E.D. se llevó las manos a la espalda y apretó los puños. Al que no le convenía en absoluto era a él. E.D. sabía que su jefe no quería tener nada que ver con todo aquello. No quería que la porquería lo salpicara.

Emmett Garner tenía cincuenta y ocho años y podía convertirse en el nuevo gobernador del Estado en las próximas elecciones. Por eso le interesaba tanto salir de la fiscalía con la cabeza bien alta. Por supuesto, E.D. no quería que la ingenuidad de su hija le costara el puesto a su jefe, pero tampoco iba a permitir que la ambición de Emmett hiciera que su hija se quedara sin justicia.

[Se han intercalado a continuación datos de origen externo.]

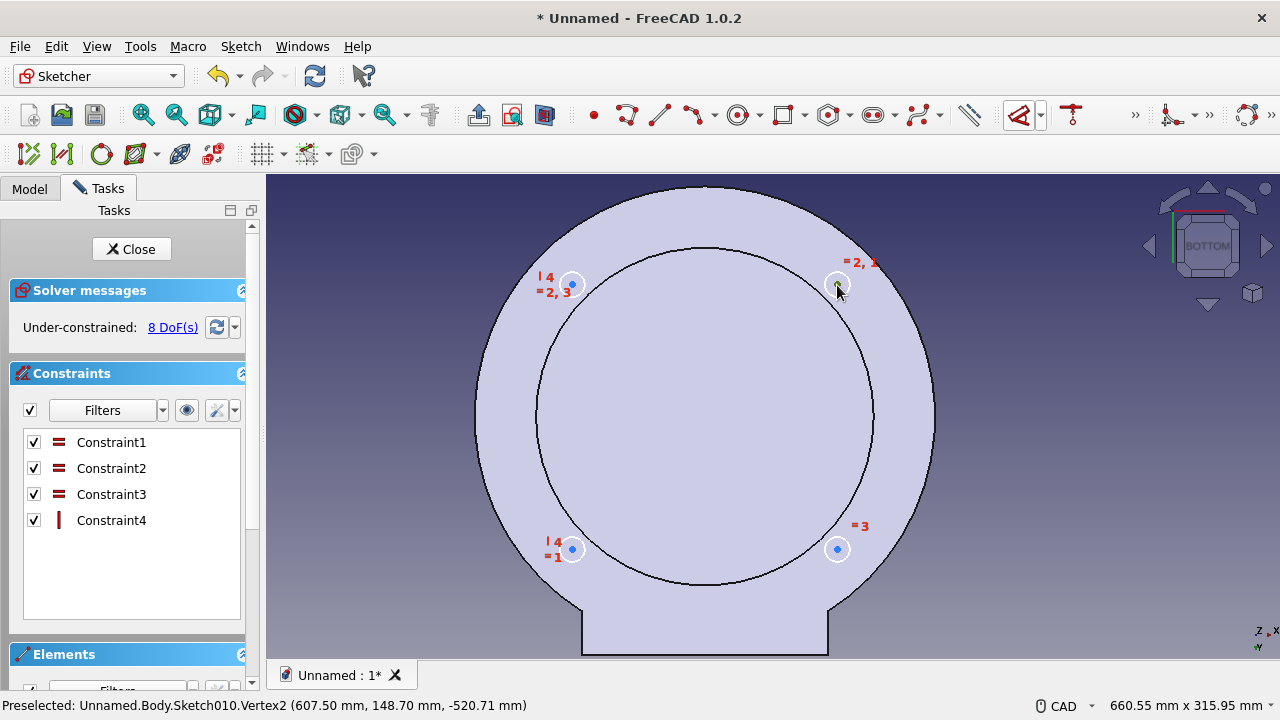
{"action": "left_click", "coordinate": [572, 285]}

—Mi prioridad ahora mismo es proteger la privacidad de una menor —le respondió con frialdad.

—Supongo que eso tendrá consecuencias en tu agenda —comentó Emmett consultando el reloj.

«Cómo se atreve», pensó E.D.

E.D. había conseguido cumplir con su agenda durante sus dos embarazos y, en ambos casos, había vuelto al trabajo antes de lo previsto, sin agotar la baja por maternidad. Su marido, el eterno aspirante a novelista, se había quedado en casa con los niños muy contento.

—Por eso he venido precisamente a verte —añadió Emmett—. ¿Sabes que se te nota en la cara que lo estás pasando mal? ¿Desde cuándo permite E.D. Martel que su rostro refleje algo que no sea determinación?

Desde que su maridito la había metido en un lío que ella todavía no comprendía y desde que su hija había metido la pata hasta el fondo y, tal vez, se hubiera destrozado la vida para siempre.

—Hoy es miércoles —dijo E.D. tomando aire—. El lunes empiezo con el caso Horvath. Se trata de un caso que nos va a reportar tanta atención como el de Guy. Si cree que no estoy lo suficientemente concentrada o que no lo estoy haciendo bien, me reemplaza y listo —le espetó sin pensar si sus palabras eran oportunas o no.

A sus treinta y ocho años, E.D. tenía muy claro que no se había pasado toda la vida luchando para llegar donde había llegado para acobardarse antes de entender por completo a qué se estaba enfrentando.

Su jefe la miró a los ojos y asintió.

—Me alegro de que nos entendamos —se despidió.

Una vez a solas, E.D. se dejó caer en su butaca. Tenía muy claro que, si no era capaz de ganar el caso Horvath, sus días en la Fiscalía del Estado estaban contados. Iba a necesitar ayuda porque el equipo de defensa de Lester Horvath era muy bueno, pero sabía que podía contar con Bruce y había un par de abogados más de su confianza en el despacho a los que podría recurrir.

Además, iba a tener que dilucidar cómo hacer entrar en razón a Trey y cómo ayudar a sus hijos. ¿De dónde iba a sacar el tiempo y la energía para todo aquello?

En aquel momento, llamaron a la puerta y E.D. vio con alivio que se trataba de un mensajero que llevaba un paquete. Rezando para que no fuera otra sorpresa desagradable de Trey, miró el remite.

Sólo unas iniciales. DJ. ¡Dylan Justiss! ¡Increíble! Así que la llamada no había sido un accidente. E.D. estuvo a punto de decirle al chico que no aceptaba el paquete, pero se dijo que, al firmar sólo con sus iniciales, Dylan le estaba diciendo que lo que contenía aquel paquete era sólo para ella.

Presa de curiosidad, firmó y aceptó el paquete. Tras darle una propina al chico, se despidió de él.

—Gracias, señora.

Una vez a solas, abrió el sobre. Estaba segura de que Dylan habría visto las noticias y sabría lo que estaba sucediendo en su vida. Al notar algo duro dentro del sobre, E.D. se quedó sin aliento.

¡Oh, no!

Aquel hombre estaba loco.

E.D. vació el contenido del sobre en su mano izquierda. Una llave. E.D. cerró los dedos sobre ella y se la llevó al corazón.

«Siempre fuiste un loco idealista», pensó.

A continuación, comprobó que también había una breve nota que decía: Ya sabes de dónde es, así que utilízala.

También había garabateado cuatro números. Mientras el pasado corría a toda velocidad ante sus ojos, E.D. sacudió la cabeza y pensó en las opciones que tenía. ¿Debía llamarlo por teléfono?

Por supuesto que sí. El gesto amable y generoso de Dylan merecía una respuesta inmediata. Mientras sacaba su teléfono móvil del bolso, se dijo que no debía engañarse a sí misma.

Sentía la sangre agolpada en las sienes y se dijo que se moría por volver a oír su voz. Aquello era una vergüenza para ella como mujer, como madre y como esposa leal y fiel.

E.D. sacudió la cabeza y marcó el número de Dylan. No tuvo que esperar más que un timbre para oír aquella voz a la que tanto cariño tenía.